Skoda Vistula w twojstyl.pl

Elektryzujące podróże wzdłuż Wisły ze Skodą i Vistulą – zamek w paski w Janowcu

Elektryzujące podróże wzdłuż Wisły ze Skodą i Vistulą – zamek w paski w Janowcu
Fot. Mat. prasowe

Ale jak to – w paski? Właśnie tak! W Janowcu znajduje się okazały XVI-wieczny zamek z fasadą w biało-czerwone pasy, a także park rozrywki zwanymi „Magicznymi ogrodami”. W drodze do tej niepozornej wsi w województwie lubelskim kontynuujemy nasz test elektrycznej Skody Enyaq Coupe – tym razem czas sprawdzić, jak działają nowoczesne systemy bezpieczeństwa.

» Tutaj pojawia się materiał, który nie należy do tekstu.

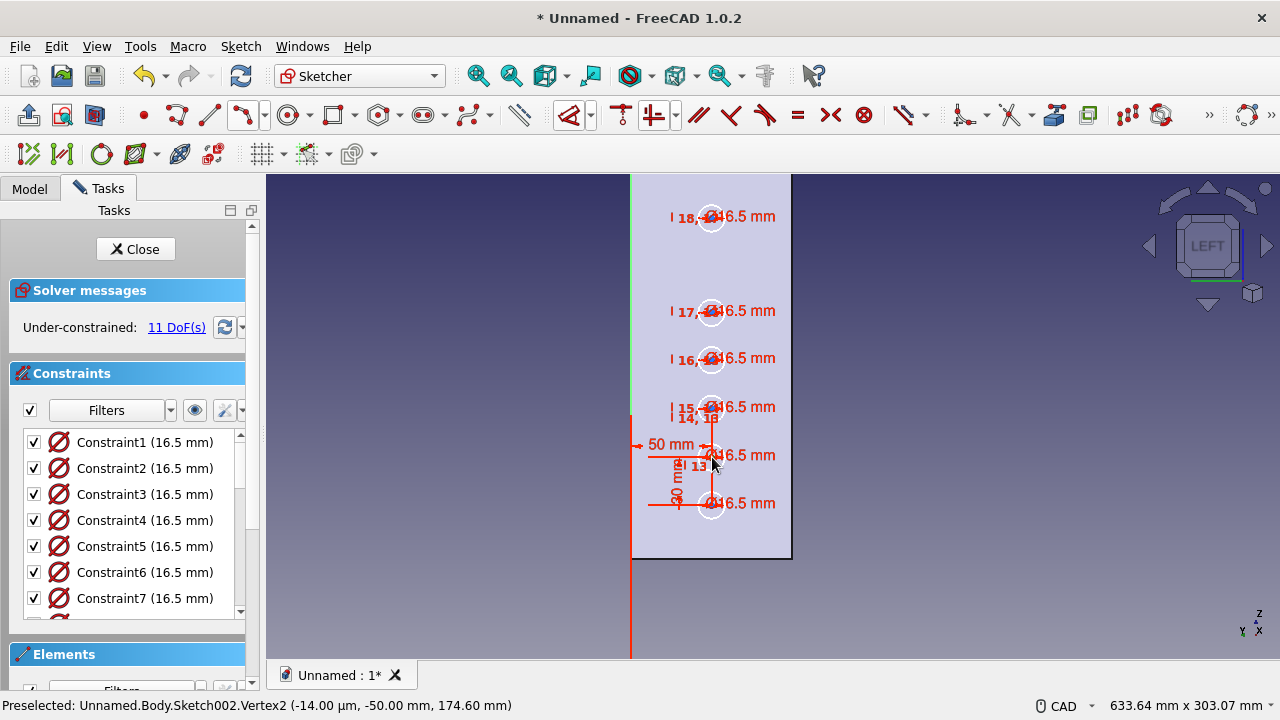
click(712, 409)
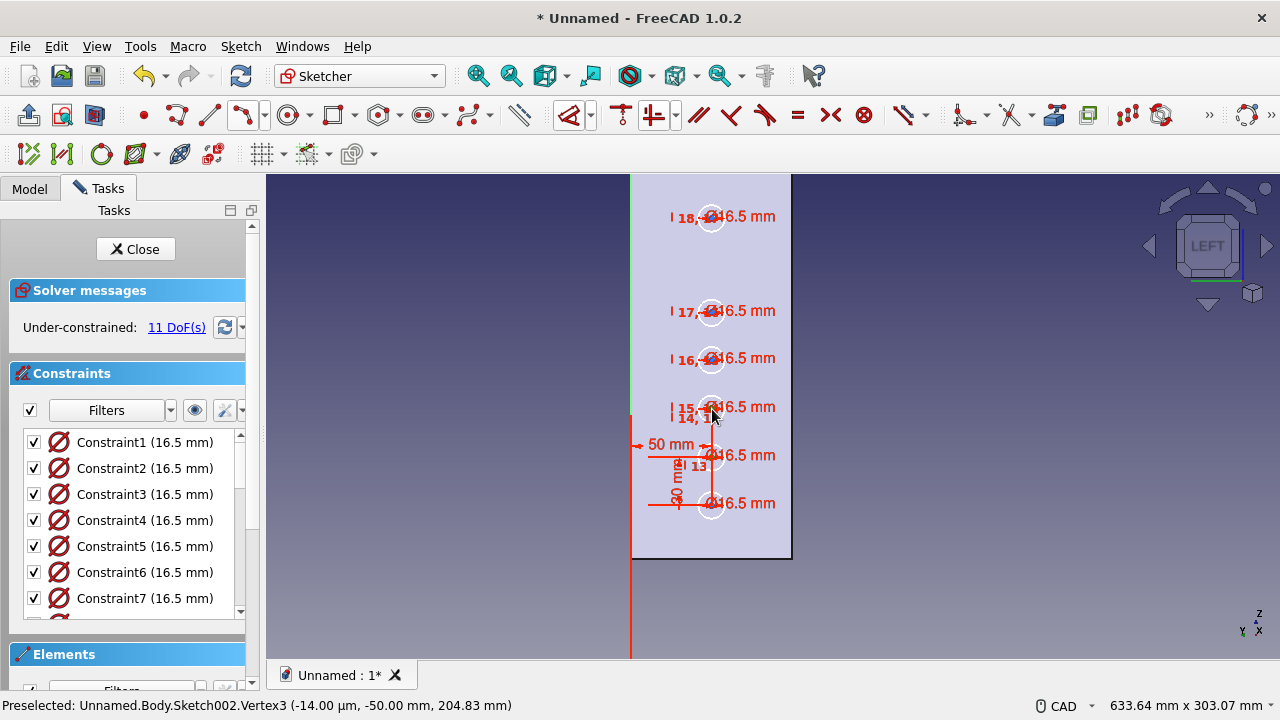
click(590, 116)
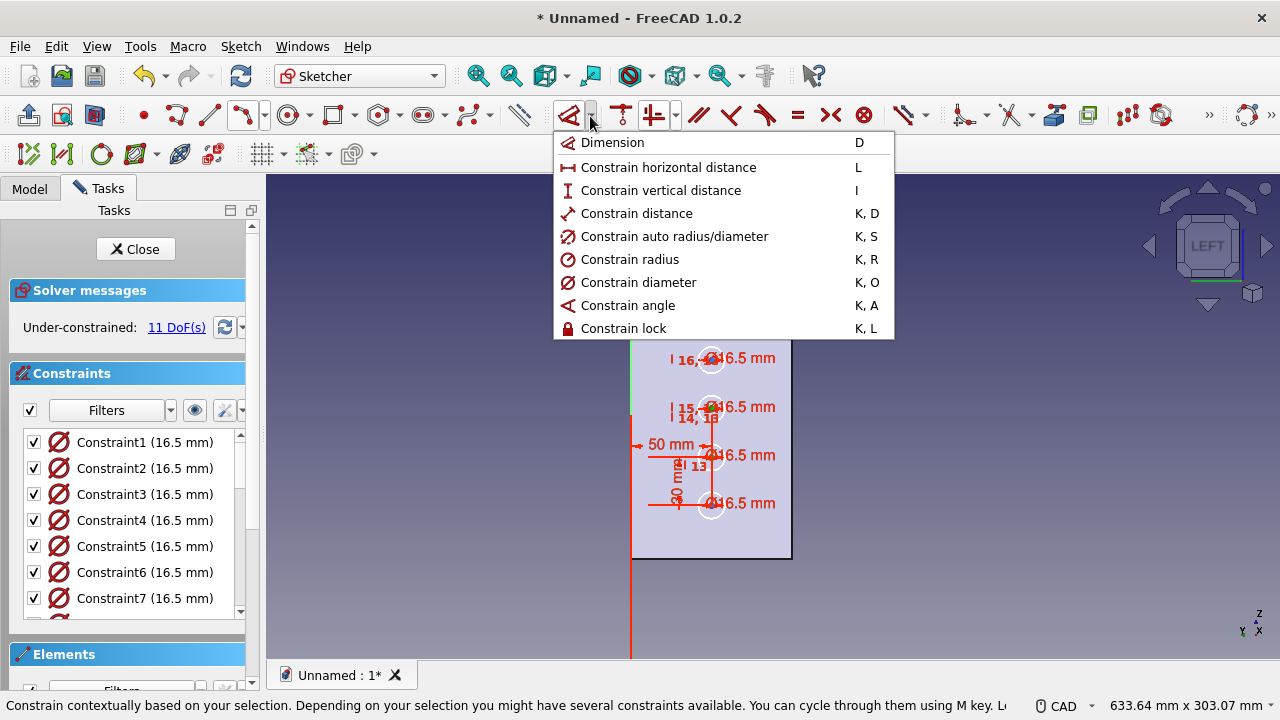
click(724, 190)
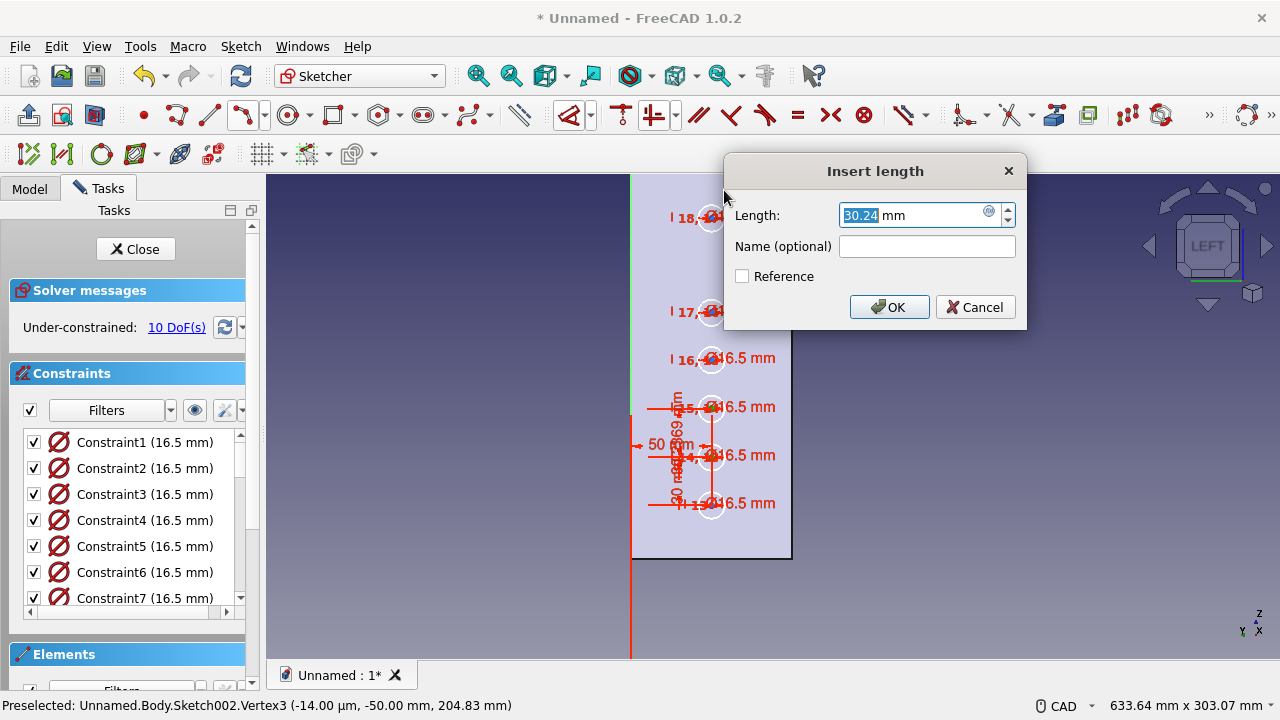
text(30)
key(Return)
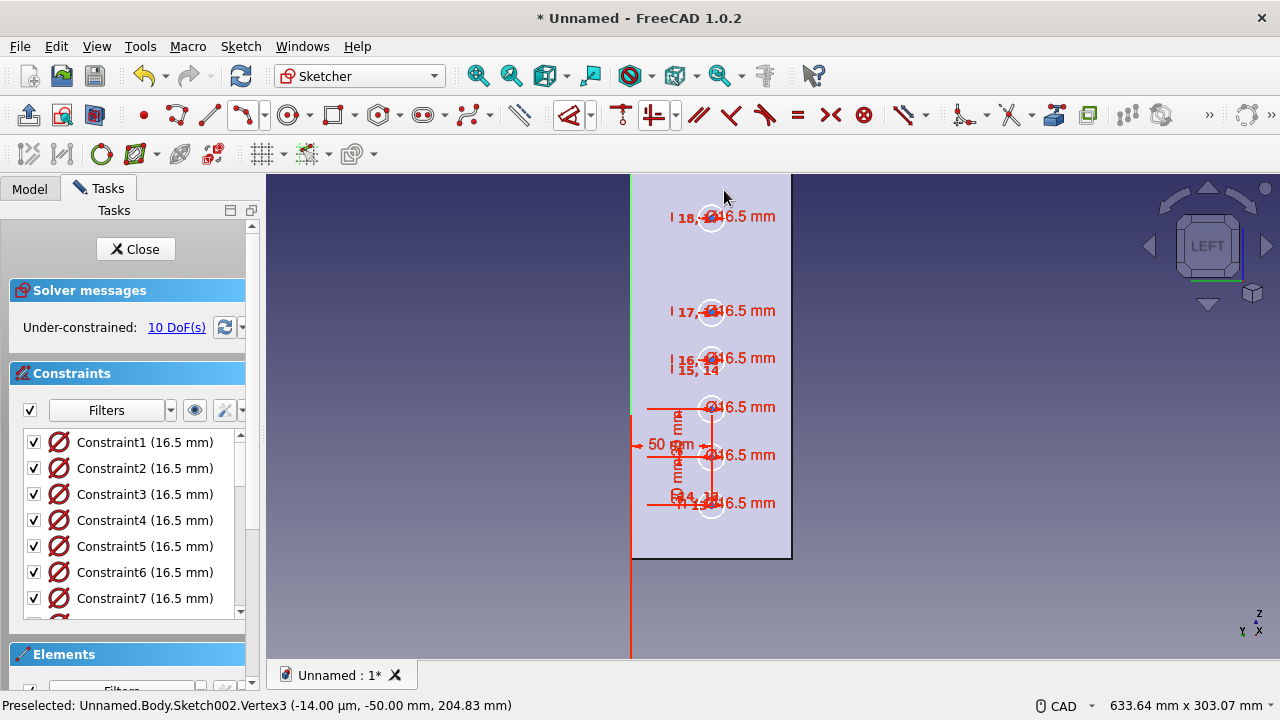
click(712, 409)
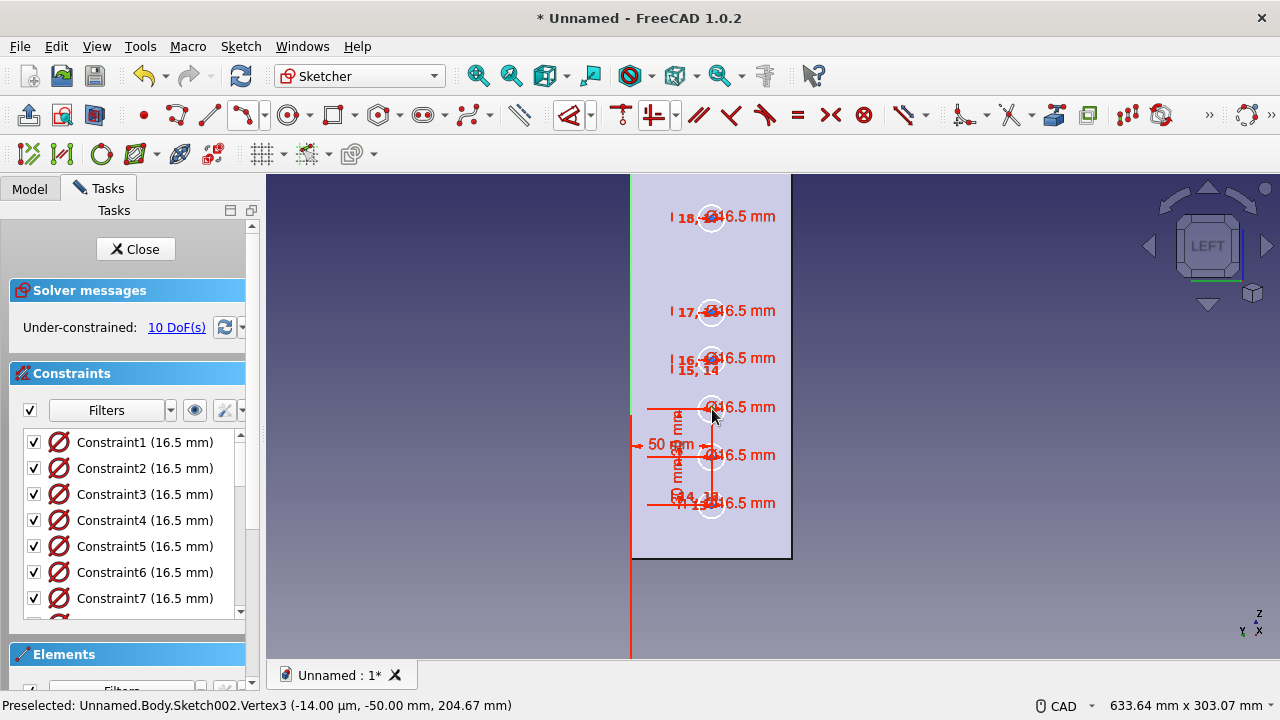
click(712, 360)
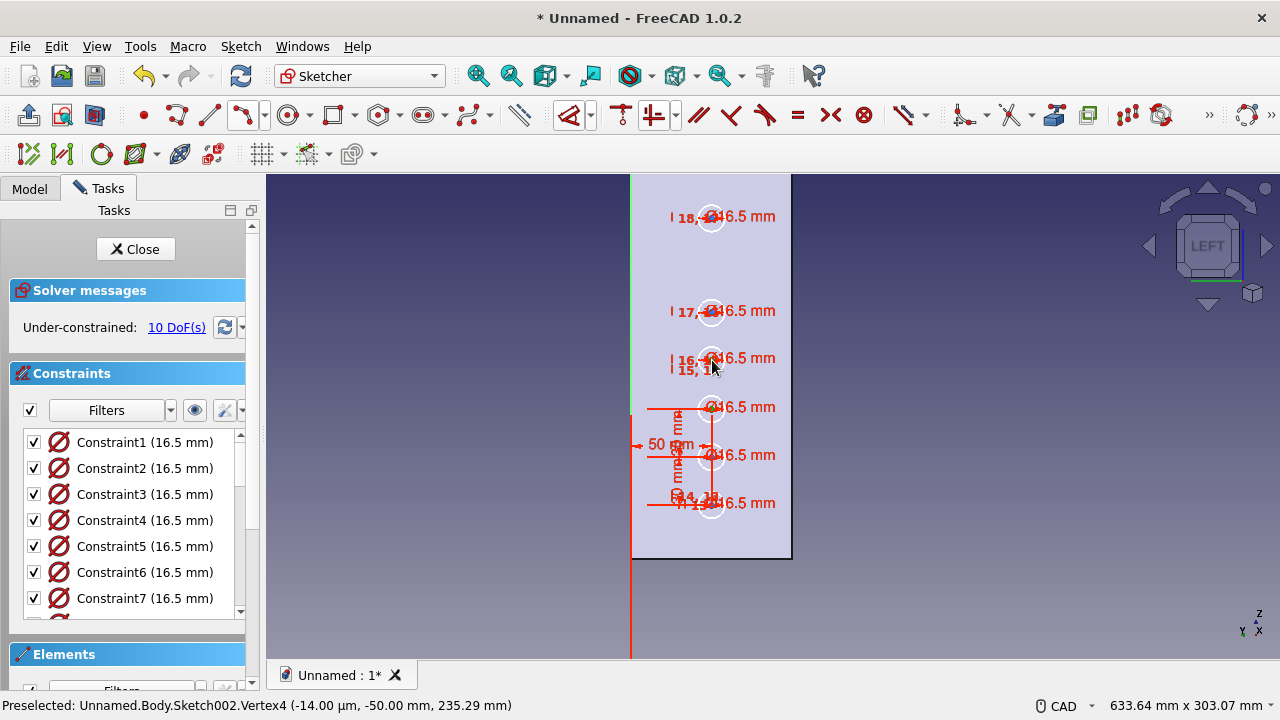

Niespełna 2 godziny drogi nowiutką trasą szybkiego ruchu S17 dzieli Janowiec od Warszawy. Po pokonaniu około 150 km znajdujemy się już w województwie lubelskim, gdzie… czas zdaje się płynąć nieco wolniej. Janowiec leży na skraju trójkąta turystycznego, który tworzy z Puławami, Kazimierzem Dolnym i Nałęczowem. Co ciekawe, historycznie miejscowość przynależy do Małopolski.

Imponujące ruiny

Absolutnie obowiązkową atrakcją do zobaczenia w Janowcu są ruiny zamku, który dawniej był siedzibą wielkich rodów magnackich Rzeczpospolitej: Firlejów, Tarłów i Lubomirskich. Budowlę wzniesiono w XVI wieku z inicjatywy Mikołaja Firleja, a w pracach wykończeniowych brał udział m.in. wybitny włoski architekt i rzeźbiarz Santi Gucci Fiorentino. W centrum Janowca, z jego wąskimi uliczkami i niewielkimi domami z lokalnego kamienia wapiennego, stoi renesansowy kościół z marmurowym nagrobkiem Firlejów dłuta Gucciego.

 

Po najeździe Szwedów zamek w stylu barokowym odbudowała rodzina Lubomirskich. Do współpracy zaprosiła uznanego barokowego architekta Tylmana z Gameren, twórcę wielu wspaniałych polskich pałaców (m.in. w Nieborowie). Z czasem obiekt popadał w ruinę – legenda głosi, że w XVIII wieku ówczesny właściciel przegrał go… w karty. W latach 30. XX wieku posiadłość kupił Leon Kozłowski, który w 1975 r. sprzedał ją państwu. 

BF230621_0954

Okoliczni mieszkańcy z pokolenia na pokolenie przekazują sobie jeszcze jedną legendę, która towarzyszy wiekowym murom: podczas pełni Księżyca rzekomo można spotkać tu ducha Czarnej Damy, młodej Heleny Lubomirskiej, która popełniła samobójstwo, rzucając się z wieży – rodzice nie chcieli wydać jej za biednego rybaka. 

ZAMEK

My jednak zwiedzaliśmy zamek za dnia. Goście nie tylko mogą wejść na dziedziniec i na krużganki, a także podziwiać stąd piękną panoramę Małopolskiego Przełomu Wisły. Czeka na nich również ekspozycja na temat historii zamku oraz wystawa ceramiki. Poza tym odbywają się tu różne wydarzenia, w tym pokazy filmowe (Festiwal Dwa Brzegi) oraz koncerty, Święto Wina i turnieje rycerskie. 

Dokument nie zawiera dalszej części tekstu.